After Collapsing Nigeria’s Economy, Emefiele Directs Banks To Accept, Dispense Old Naira Notes

The journey to drag millions of Nigerians into suffering and cripple their businesses and means of livelihood started on October 26, 2022, when the governor of the Central Bank of Nigeria (CBN) Mr Godwin Emefiele announced its plan to implement naira redesign policy.

The naira redesign was part of the plan by the Federal Government to fully implement a cash-less economy and drastically reduce vote buying among other benefits of naira redesign policy.

But a few days when the old naira notes – NGN200, NGN500, and NGN1,000 – were redesigned and launched, it was clear that the CBN governor had added personal political interest into his much-advertised cash-less policy.

How naira swap policy collapsed Nigeria’s economy

Initially, the CBN announced that Nigerians should deposit their old naira notes at banks in exchange for the new naira notes.

Unfortunately, millions of Nigerians who deposited the old notes were unable to get the new notes, they got stranded, and their businesses collapsed.

Point of Sales popularly known as POS operators in their thousands closed their shops because they didn’t have the new naira notes.

The online banking app that was supposed to support the cashless policy also collapsed because most of the financial institutions were not ready for the mammoth use of their apps.

In a statement by the Kaduna state governor, Mallam Nasir El-Rufai said what Emefiele implemented was currency confiscation and not currency swap.

El-Rufai accused the CBN of withdrawing over NGN2 Trillion from circulation but “printed only N400 billion, so in effect, currency confiscation was then unilaterally and unlawfully implemented by the CBN.

“Trade and exchange have collapsed. Human suffering, impoverishment and economic contraction resulted,” the former FCT minister said.
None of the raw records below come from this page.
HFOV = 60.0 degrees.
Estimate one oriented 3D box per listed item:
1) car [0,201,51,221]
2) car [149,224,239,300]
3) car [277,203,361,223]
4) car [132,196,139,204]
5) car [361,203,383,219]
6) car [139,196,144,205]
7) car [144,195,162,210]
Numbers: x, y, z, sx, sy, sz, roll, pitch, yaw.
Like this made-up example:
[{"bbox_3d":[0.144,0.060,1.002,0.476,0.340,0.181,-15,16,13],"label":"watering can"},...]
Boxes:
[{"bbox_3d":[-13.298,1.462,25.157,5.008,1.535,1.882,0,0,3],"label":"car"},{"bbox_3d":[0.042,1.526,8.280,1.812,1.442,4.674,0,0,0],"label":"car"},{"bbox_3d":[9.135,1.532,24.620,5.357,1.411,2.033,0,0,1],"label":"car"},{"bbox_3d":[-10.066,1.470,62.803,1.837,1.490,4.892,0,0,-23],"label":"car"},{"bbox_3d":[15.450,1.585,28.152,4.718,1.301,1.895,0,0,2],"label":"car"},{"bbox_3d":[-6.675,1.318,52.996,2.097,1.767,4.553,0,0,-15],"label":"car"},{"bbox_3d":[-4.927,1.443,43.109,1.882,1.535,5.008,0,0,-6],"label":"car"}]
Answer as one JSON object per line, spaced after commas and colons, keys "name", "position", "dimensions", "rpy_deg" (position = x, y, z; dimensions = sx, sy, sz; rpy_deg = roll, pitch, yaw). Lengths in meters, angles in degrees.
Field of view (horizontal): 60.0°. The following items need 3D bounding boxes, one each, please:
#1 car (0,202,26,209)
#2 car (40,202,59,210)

CBN ignores Supreme Court ruling

Angered by the destruction of banking properties that followed the naira scarcity, some state governments – over 10 of them – dragged the APC-led government of Muhammadu Buhari to the Supreme Court.

The judgement was in favour of the plaintiffs, but the Federal Government failed to respect the ruling of the highest court in the land.

On March 3, 2023,  the Apex court gave its final ruling that the old naira notes should circulate alongside the newly redesigned notes till December 31, 2023.

Unfortunately, the Buhari-led government through Emefiele-led CBN kept mum, they refused to obey the court order.

A lawyer and Intelligence Reform Expert, Dr. Charles Omole in a tweet described the silence of the FG and CBN on the court ruling as a disgrace that would come with consequences.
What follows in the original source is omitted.